[RECORD SET — start]

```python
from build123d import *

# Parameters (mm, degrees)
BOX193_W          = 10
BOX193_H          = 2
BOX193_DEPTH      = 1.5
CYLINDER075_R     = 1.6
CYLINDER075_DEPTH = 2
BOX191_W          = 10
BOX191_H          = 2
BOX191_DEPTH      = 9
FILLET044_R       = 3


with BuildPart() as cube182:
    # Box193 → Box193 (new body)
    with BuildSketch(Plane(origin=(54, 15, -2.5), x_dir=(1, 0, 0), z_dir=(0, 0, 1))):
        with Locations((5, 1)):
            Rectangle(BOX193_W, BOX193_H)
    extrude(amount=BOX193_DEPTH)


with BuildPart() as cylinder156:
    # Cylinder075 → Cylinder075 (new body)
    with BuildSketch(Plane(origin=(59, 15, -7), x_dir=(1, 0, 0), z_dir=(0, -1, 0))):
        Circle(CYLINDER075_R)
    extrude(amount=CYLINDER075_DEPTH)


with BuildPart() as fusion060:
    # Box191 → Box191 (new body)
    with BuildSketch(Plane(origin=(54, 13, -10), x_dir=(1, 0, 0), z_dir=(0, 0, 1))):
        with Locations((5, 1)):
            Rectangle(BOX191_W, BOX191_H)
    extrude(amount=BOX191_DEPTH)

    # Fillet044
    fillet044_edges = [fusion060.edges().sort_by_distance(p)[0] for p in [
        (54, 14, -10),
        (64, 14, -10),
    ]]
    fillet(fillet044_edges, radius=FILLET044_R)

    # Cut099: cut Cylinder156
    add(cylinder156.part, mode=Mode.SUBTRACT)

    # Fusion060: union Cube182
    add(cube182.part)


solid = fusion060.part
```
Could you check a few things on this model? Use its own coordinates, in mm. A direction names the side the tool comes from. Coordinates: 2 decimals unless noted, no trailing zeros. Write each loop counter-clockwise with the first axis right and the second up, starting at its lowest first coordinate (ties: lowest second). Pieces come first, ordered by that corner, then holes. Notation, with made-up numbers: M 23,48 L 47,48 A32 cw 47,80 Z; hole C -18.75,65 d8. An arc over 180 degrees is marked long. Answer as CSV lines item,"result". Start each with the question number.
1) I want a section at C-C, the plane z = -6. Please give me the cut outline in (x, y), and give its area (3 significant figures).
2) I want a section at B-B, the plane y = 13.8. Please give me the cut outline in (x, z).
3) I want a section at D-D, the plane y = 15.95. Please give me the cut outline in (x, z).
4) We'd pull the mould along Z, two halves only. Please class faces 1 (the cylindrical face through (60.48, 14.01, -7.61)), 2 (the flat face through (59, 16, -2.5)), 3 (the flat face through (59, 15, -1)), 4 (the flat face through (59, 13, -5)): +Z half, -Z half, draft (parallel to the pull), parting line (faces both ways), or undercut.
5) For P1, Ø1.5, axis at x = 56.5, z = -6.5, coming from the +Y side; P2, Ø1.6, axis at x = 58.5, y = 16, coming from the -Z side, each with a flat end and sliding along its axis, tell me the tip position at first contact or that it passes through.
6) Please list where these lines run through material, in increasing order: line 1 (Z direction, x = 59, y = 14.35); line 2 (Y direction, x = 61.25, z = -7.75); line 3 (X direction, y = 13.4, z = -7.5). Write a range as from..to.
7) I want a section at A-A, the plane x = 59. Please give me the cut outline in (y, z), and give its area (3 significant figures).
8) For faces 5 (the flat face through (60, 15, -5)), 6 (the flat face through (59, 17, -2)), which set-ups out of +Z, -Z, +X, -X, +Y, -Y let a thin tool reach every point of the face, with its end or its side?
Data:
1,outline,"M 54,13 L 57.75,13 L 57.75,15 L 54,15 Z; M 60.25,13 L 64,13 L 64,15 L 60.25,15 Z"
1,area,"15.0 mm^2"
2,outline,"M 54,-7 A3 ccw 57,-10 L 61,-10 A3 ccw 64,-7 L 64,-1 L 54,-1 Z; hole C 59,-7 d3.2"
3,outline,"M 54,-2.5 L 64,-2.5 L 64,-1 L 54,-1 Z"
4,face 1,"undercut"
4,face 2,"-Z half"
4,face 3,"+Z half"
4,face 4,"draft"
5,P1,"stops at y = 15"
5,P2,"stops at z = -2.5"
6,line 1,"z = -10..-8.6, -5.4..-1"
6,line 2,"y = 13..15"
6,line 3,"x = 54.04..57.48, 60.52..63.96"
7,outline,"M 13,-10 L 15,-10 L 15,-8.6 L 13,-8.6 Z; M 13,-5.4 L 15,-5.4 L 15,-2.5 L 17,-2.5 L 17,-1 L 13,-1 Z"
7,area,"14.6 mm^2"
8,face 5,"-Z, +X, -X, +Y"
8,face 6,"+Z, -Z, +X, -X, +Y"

[RECORD SET — finish]
[RECORD SET — start]

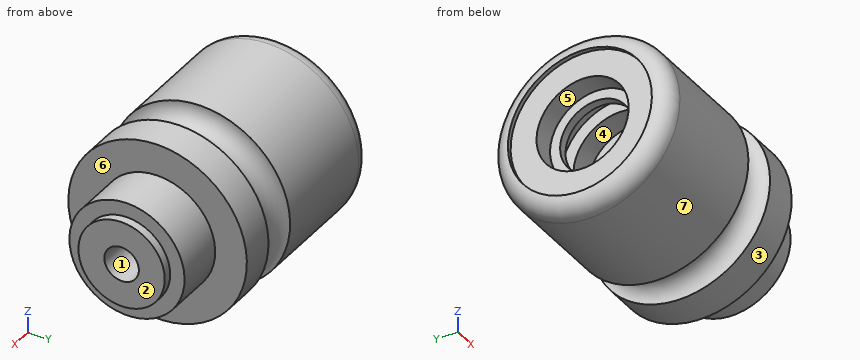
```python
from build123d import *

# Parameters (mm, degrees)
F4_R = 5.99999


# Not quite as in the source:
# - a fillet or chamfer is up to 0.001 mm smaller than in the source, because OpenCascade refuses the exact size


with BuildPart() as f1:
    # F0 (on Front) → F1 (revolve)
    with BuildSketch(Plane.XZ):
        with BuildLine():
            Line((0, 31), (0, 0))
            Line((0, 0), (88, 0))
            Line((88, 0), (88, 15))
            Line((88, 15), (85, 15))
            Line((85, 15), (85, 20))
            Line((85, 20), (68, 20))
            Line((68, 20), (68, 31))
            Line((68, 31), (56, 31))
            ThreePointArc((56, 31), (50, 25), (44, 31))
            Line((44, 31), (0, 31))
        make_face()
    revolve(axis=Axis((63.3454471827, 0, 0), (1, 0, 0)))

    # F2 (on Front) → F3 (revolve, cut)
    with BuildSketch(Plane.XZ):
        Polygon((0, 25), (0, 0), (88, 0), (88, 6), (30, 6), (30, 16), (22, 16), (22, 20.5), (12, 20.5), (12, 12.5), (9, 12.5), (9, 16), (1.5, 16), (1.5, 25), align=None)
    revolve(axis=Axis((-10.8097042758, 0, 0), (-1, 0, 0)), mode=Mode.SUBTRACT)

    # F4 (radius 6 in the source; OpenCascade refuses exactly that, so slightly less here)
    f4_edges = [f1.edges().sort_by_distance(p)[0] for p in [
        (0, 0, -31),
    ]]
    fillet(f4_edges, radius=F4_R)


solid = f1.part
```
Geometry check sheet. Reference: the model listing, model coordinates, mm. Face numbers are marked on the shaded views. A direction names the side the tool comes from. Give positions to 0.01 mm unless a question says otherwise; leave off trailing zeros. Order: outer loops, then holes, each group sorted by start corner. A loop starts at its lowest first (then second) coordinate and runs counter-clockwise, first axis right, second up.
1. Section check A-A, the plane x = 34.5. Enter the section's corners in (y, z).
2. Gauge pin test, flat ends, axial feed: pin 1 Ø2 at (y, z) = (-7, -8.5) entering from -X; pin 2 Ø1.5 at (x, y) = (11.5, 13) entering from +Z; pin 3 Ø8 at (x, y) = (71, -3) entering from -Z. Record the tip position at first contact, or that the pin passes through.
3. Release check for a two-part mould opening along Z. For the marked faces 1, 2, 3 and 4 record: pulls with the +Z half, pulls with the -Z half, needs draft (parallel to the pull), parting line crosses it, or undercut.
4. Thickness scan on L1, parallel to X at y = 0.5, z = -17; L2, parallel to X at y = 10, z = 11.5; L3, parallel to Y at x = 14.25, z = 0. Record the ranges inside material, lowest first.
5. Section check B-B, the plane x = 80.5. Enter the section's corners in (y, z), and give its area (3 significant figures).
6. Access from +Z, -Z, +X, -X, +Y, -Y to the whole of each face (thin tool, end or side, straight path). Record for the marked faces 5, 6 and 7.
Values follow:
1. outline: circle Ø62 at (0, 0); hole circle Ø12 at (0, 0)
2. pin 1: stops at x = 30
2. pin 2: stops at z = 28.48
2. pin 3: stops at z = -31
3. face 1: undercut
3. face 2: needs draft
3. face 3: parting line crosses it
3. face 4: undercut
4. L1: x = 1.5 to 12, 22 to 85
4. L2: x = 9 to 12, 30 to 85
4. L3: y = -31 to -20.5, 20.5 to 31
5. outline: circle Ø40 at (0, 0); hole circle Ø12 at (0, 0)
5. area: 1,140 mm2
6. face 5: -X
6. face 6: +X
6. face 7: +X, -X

[RECORD SET — finish]

YOUR INSTRUCTIONS
Extract every line above that contains the word "BuildPart".

RESPONSE
with BuildPart() as cube182:
with BuildPart() as cylinder156:
with BuildPart() as fusion060:
with BuildPart() as f1:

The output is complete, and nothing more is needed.